# robot detector de movimiento



## lucifer (May 9, 2006)

tengo un problema con un proyecto de la universidad y me gustaria que me dieran consejos...

el problema es el siguiente

quiero diseñar un robot tipo carro que se desplace con 2 motores dc dentro de un circulo dibujado en el piso... tiene que detectar a otro robot y empujarlo hasta sacarlo fuera del cirulo y evitar salir del circulo...

gracias...


----------



## batucka (May 11, 2006)

Ah pues esta sencillo, lo primero es que con algun sensor, una fotocelda por que no este buscando algo, ya sea ese robot u otra cosa y que cuando lo detecte vaya hacia el y no pare de andar, es decir que lo empuje todo lo que se pueda.

Ahora para que no se salga del circulo deberas poner un par de foto diodos en la parte inferior del robot, para que estos esten sensando la linea limite del mismo circulo.
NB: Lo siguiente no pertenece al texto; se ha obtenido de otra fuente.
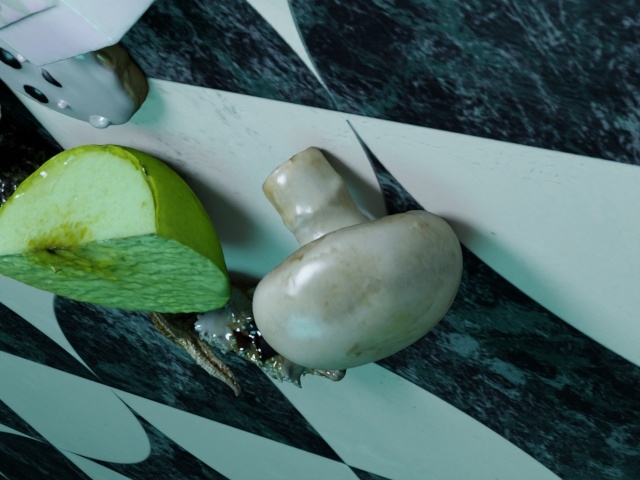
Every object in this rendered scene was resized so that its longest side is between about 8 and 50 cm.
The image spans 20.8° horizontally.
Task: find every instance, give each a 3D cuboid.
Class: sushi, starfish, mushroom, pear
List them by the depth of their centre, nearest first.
[{"bbox_3d":[0.021,0.030,1.661,0.209,0.206,0.206,39,166,28],"label":"mushroom"},{"bbox_3d":[-0.198,-0.002,1.928,0.288,0.139,0.239,-7,147,36],"label":"pear"},{"bbox_3d":[-0.396,-0.075,2.027,0.225,0.127,0.124,31,159,1],"label":"sushi"},{"bbox_3d":[-0.069,0.109,2.067,0.226,0.103,0.097,24,145,24],"label":"sushi"},{"bbox_3d":[-0.178,0.097,2.133,0.238,0.057,0.213,60,-174,5],"label":"starfish"}]

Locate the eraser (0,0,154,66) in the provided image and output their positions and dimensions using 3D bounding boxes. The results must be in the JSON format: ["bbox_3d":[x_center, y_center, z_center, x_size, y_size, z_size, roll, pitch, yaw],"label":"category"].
[{"bbox_3d":[-0.330,-0.305,1.463,0.397,0.082,0.213,39,158,-24],"label":"eraser"}]

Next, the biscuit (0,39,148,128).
[{"bbox_3d":[-0.267,-0.174,1.740,0.208,0.049,0.181,4,147,45],"label":"biscuit"}]

Es decir estara empujando algo hasta que vea esa linea, cuando la vea que se eche de reversa y gire 90º a la derecha.

Practicamente es eso, puedes hacerlo por separado ya que no necesitas pics para esto, ya que si quieres integrar todo en un pic pues es la programacion la que vale pero en si no es gran problema.

Tienes alguna duda mas especifica?

saludls.


----------